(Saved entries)
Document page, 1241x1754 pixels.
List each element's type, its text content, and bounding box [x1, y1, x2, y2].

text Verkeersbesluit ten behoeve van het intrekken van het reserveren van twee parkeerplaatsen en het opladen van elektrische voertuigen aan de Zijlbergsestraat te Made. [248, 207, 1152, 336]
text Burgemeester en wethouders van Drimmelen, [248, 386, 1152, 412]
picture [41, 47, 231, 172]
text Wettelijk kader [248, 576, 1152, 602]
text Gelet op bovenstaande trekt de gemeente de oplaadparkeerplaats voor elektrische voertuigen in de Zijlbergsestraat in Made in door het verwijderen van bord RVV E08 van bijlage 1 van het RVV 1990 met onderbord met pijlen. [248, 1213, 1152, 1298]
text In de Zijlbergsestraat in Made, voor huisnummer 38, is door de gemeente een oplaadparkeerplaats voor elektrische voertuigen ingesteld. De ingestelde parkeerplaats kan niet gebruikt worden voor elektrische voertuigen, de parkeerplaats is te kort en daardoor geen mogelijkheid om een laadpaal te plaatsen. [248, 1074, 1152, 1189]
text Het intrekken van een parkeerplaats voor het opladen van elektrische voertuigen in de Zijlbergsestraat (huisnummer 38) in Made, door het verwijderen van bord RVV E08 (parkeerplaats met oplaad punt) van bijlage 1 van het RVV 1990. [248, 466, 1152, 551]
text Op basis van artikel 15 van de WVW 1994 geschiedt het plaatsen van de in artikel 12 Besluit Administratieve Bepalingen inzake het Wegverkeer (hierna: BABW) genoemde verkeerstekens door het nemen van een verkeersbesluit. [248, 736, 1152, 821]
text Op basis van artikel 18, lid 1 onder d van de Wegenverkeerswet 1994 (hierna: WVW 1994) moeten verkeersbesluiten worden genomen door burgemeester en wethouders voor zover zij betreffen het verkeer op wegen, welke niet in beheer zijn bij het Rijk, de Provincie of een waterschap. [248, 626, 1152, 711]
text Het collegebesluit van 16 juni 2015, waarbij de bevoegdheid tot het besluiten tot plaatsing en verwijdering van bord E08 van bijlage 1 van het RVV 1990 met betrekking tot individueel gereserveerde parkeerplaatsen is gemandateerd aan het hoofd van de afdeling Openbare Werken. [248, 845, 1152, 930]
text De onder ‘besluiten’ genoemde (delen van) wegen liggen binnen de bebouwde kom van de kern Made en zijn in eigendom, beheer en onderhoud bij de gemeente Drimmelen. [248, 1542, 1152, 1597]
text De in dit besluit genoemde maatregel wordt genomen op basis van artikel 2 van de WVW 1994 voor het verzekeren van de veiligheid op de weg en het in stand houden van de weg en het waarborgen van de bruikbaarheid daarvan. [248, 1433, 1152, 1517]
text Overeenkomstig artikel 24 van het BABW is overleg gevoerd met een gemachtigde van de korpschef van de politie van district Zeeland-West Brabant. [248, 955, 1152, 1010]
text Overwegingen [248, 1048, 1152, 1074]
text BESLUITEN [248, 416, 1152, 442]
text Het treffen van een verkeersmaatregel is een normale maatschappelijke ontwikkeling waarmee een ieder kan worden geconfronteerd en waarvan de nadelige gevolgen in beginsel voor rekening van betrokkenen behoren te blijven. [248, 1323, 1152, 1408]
--
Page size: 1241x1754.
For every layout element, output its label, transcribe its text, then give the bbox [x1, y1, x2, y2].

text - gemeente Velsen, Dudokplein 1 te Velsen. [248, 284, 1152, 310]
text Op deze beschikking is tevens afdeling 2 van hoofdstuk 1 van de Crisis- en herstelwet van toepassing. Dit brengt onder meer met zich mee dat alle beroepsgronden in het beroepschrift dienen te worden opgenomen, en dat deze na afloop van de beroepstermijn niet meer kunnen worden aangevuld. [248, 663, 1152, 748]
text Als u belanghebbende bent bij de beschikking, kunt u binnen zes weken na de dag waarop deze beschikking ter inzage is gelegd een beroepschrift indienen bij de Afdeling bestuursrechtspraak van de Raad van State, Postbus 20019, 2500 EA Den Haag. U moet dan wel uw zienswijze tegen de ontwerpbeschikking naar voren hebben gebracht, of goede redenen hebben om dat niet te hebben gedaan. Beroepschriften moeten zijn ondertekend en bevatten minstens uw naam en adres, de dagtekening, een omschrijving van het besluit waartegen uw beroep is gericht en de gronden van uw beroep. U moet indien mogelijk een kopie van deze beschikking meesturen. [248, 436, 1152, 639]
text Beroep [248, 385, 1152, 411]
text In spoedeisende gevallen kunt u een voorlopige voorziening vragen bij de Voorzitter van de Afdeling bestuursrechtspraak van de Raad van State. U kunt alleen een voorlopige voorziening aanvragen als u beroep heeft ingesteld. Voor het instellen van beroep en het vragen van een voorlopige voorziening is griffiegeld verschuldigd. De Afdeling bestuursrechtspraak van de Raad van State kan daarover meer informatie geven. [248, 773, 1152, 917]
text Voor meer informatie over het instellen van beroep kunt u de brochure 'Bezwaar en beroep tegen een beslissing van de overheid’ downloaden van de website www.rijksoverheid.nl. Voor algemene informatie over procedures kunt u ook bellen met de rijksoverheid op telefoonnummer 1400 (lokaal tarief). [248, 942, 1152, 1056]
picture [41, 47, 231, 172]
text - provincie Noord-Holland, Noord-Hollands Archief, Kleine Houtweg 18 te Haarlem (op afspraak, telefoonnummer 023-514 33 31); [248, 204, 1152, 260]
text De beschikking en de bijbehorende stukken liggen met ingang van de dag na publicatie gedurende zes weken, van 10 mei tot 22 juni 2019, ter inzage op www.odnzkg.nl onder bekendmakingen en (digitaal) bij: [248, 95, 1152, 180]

### Your goal
In the records above, find the line with "Document page, 1241x1754 pixels."; write out exactly that line and each one after it, stopping after the line with "text Op basis van artikel 18, lid".

### Result below
Document page, 1241x1754 pixels.
List each element's type, its text content, and bounding box [x1, y1, x2, y2].

text Verkeersbesluit ten behoeve van het intrekken van het reserveren van twee parkeerplaatsen en het opladen van elektrische voertuigen aan de Zijlbergsestraat te Made. [248, 207, 1152, 336]
text Burgemeester en wethouders van Drimmelen, [248, 386, 1152, 412]
picture [41, 47, 231, 172]
text Wettelijk kader [248, 576, 1152, 602]
text Gelet op bovenstaande trekt de gemeente de oplaadparkeerplaats voor elektrische voertuigen in de Zijlbergsestraat in Made in door het verwijderen van bord RVV E08 van bijlage 1 van het RVV 1990 met onderbord met pijlen. [248, 1213, 1152, 1298]
text In de Zijlbergsestraat in Made, voor huisnummer 38, is door de gemeente een oplaadparkeerplaats voor elektrische voertuigen ingesteld. De ingestelde parkeerplaats kan niet gebruikt worden voor elektrische voertuigen, de parkeerplaats is te kort en daardoor geen mogelijkheid om een laadpaal te plaatsen. [248, 1074, 1152, 1189]
text Het intrekken van een parkeerplaats voor het opladen van elektrische voertuigen in de Zijlbergsestraat (huisnummer 38) in Made, door het verwijderen van bord RVV E08 (parkeerplaats met oplaad punt) van bijlage 1 van het RVV 1990. [248, 466, 1152, 551]
text Op basis van artikel 15 van de WVW 1994 geschiedt het plaatsen van de in artikel 12 Besluit Administratieve Bepalingen inzake het Wegverkeer (hierna: BABW) genoemde verkeerstekens door het nemen van een verkeersbesluit. [248, 736, 1152, 821]
text Op basis van artikel 18, lid 1 onder d van de Wegenverkeerswet 1994 (hierna: WVW 1994) moeten verkeersbesluiten worden genomen door burgemeester en wethouders voor zover zij betreffen het verkeer op wegen, welke niet in beheer zijn bij het Rijk, de Provincie of een waterschap. [248, 626, 1152, 711]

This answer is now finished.